「アルツハイマー型認知症は“脳の糖尿病”です。人は不適切な食事をすることで糖尿病になりますが、それと似ていて、不適切な食事が認知症を発症させるのです。つまり、普段食べている食事を改善すれば、糖尿病だけでなく、認知症の予防にもなるのです」
そう警鐘を鳴らすのは、糖尿病専門医で「認知症にならない100まで生きる食事術」(文春新書)を上梓した「AGE牧田クリニック」の牧田善二院長だ。
「日本における認知症の高齢者人口の将来推計に関する研究」(九州大学・二宮利治教授)に基づく内閣府の推計によれば、65歳以上の認知症の患者数は2020年に約602万人。25年には約675万人と、高齢者の5.4人に1人が認知症になると言われている。

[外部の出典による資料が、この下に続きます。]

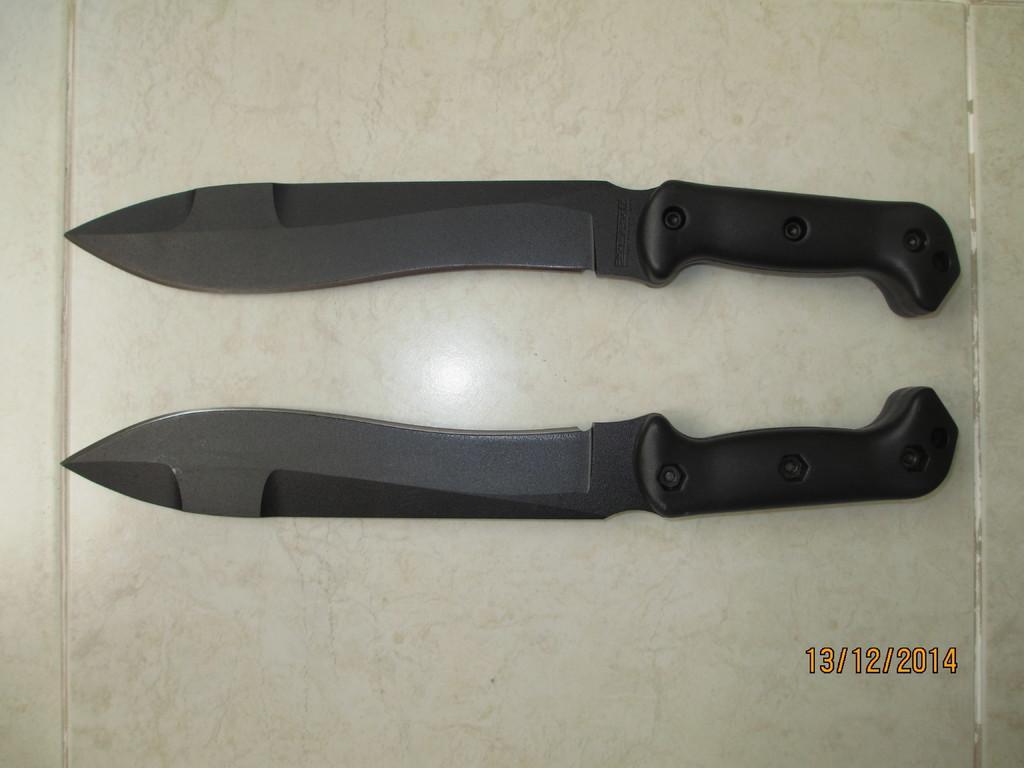Describe this image in one or two sentences. There are two black knives on the table.

「ある保険会社の調査によれば、一番罹りたくない病気はがんを上回って認知症だといいます。早期発見によって完治する可能性が高いがんと違って、認知症は治らない病気であることも理由なのでしょう」
高齢者は80歳を超えると認知症の有病率が2割を超える。特に女性は、90歳以上の71.8%が認知機能に何らかの問題を抱えてしまう。
認知症は、人生100年時代における最大の課題と言っても過言ではない。糖尿病に罹ると認知症リスクが高まることは、データでも裏付けられている。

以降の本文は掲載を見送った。